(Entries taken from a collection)
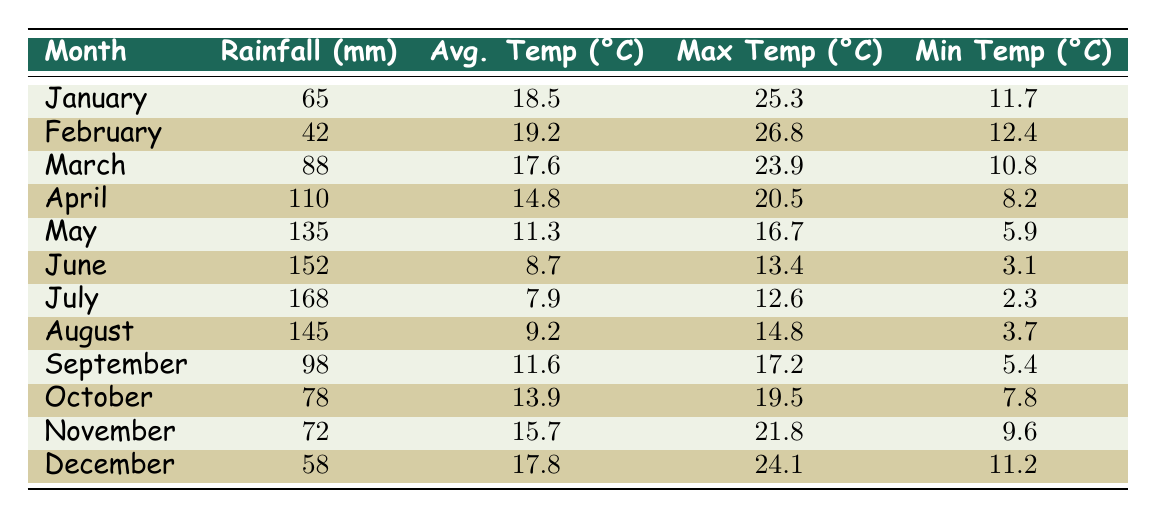What is the total rainfall in May? From the table, we can see that the rainfall in May is 135 mm. Since the question asks for the specific month's rainfall, we refer directly to that value.
Answer: 135 mm Which month had the highest average temperature? By scanning the "Avg. Temp (°C)" column in the table, we find that February has the highest average temperature at 19.2°C.
Answer: February What is the difference between maximum and minimum temperature in December? The maximum temperature in December is 24.1°C and the minimum is 11.2°C. The difference is calculated as 24.1 - 11.2 = 12.9°C.
Answer: 12.9°C How much more rainfall did April receive compared to March? April received 110 mm of rainfall while March received 88 mm. The difference is 110 - 88 = 22 mm, indicating that April had 22 mm more rainfall than March.
Answer: 22 mm Did June have a higher average temperature than July? Looking at the "Avg. Temp (°C)" column, June's average temperature is 8.7°C and July's is 7.9°C. Since 8.7°C is greater than 7.9°C, the answer is yes.
Answer: Yes What is the average rainfall for the first half of the year (January to June)? Adding the rainfall for January (65 mm), February (42 mm), March (88 mm), April (110 mm), May (135 mm), and June (152 mm), we get 65 + 42 + 88 + 110 + 135 + 152 = 592 mm. To find the average, we divide by 6 months: 592 / 6 = 98.67 mm.
Answer: 98.67 mm Which month had the least amount of rainfall? By reviewing the "Rainfall (mm)" column, we see that February had the least with 42 mm.
Answer: February What is the highest recorded maximum temperature throughout the year? The highest value in the "Max Temp (°C)" column is 26.8°C in February.
Answer: 26.8°C If we compare the total rainfall in the second half of the year (July to December) to the first half, which half had more rainfall? First half total: January (65 mm) + February (42 mm) + March (88 mm) + April (110 mm) + May (135 mm) + June (152 mm) = 592 mm. Second half total: July (168 mm) + August (145 mm) + September (98 mm) + October (78 mm) + November (72 mm) + December (58 mm) = 719 mm. Since 719 mm > 592 mm, the second half had more rainfall.
Answer: Second half What was the average low temperature for the whole year? To find the average, sum all the minimum temperatures: 11.7 + 12.4 + 10.8 + 8.2 + 5.9 + 3.1 + 2.3 + 3.7 + 5.4 + 7.8 + 9.6 + 11.2 = 78.1°C. Dividing this total by 12 gives us 78.1 / 12 = 6.51°C.
Answer: 6.51°C

## Your instructions
If a line in the entries above contains "difference", report it.

## Solution
Answer: February What is the difference between maximum and minimum temperature in December? The maximum temperature in December is 24.1°C and the minimum is 11.2°C. The difference is calculated as 24.1 - 11.2 = 12.9°C.
Answer: 12.9°C How much more rainfall did April receive compared to March? April received 110 mm of rainfall while March received 88 mm. The difference is 110 - 88 = 22 mm, indicating that April had 22 mm more rainfall than March.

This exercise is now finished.